The empire of Benin was among Africa’s most important, with roots going back to the eleventh century, and it lasted until its conquest by Britain in 1897. Benin, one among many large empires of the Guinea Belt (the forest region of the southern half of west Africa), was located in the south-central part of what is now Nigeria (and not be confused with the modern nation of Benin).
Oral tradition reveals that the people of Benin (who now refer to themselves as “Edo”) migrated from the east. They likely settled first at Ile-Ife before founding Benin City around 1000 CE. Little is known of Benin’s earliest history. Oral tradition records thirty-one kings from the Ogiso dynasty, of whom Owodo was the last. Owodo was so cruel and inept that he was banished. The chiefs of Benin then ruled as a council with one of their own elected as ruler.
This oligarchic (relating to government by the few) experiment collapsed when the head of the chiefs attempted to make his position hereditary. Unable to resolve the crisis the people of Benin requested that a son from the royal house of Oduduwa, the mythical ruler of Ile-Ife, rule them. Oduduwa sent his son Oranmiyan. Historians debate whether the story of Oranmiyan represents dominance or conquest by the Yoruba people. Oranmiyan eventually left the city in frustration, and the next oba (the title by which the king of Benin was henceforth known) was his son, Eweka I. The obas of Benin claimed divine descent from Oranmiyan, and this pedigree was central to royal authority.
Political History and Transformation
Tension between the oba and the chiefs remained a central part of Benin’s politics. Ewuare (reigned 1440–1473) was likely Benin’s most famous king and is credited with turning the kingdom into an empire. He came to power after a violent succession dispute and introduced a new level of militarism.
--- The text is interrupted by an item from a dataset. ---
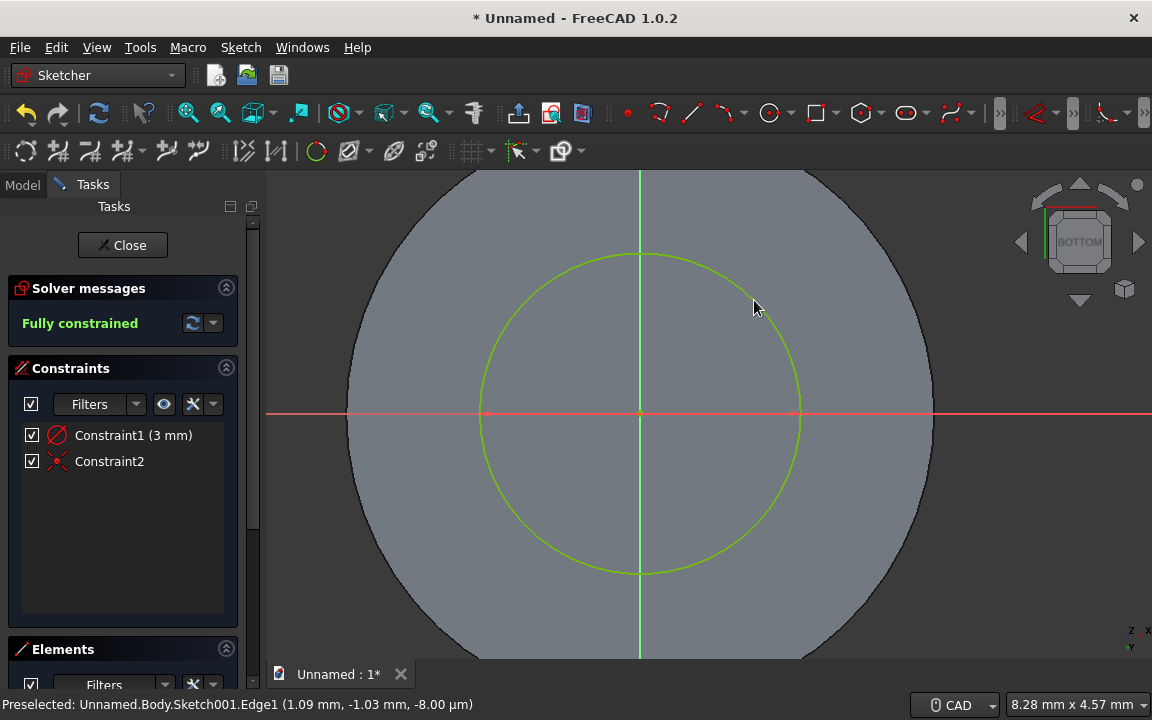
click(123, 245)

Benin conquered many of its neighbors, including the western Igbo, some Yoruba kingdoms, and various riverine peoples of the Niger River delta. The empire was indirectly ruled; indigenous leaders were left in power so long as they paid tribute.
Ewuare redesigned the capital by separating the palace (ogbe) from the town (ore) by a broad avenue. The densely populated city of intersecting streets featured craftspeople, artisans, merchants, blacksmiths, and priests organized by guilds and age grades. Ewuare created two important associations: Eghaevbo n’Ogbe (Palace Chiefs) and Eghaevbo n’Ore (Town Chiefs), who were his highest advisers, although none of the offices was hereditary. In time the Town Chiefs became a permanent source of opposition to the palace, particularly its head, the Iyase, who was commander of the army. Ewuare created an elaborate annual cycle of royal ceremonies and introduced coral beads as a symbol of royal power. A century of expansion continued after Ewuare under Ozolua, Esigie, and Orhoghua.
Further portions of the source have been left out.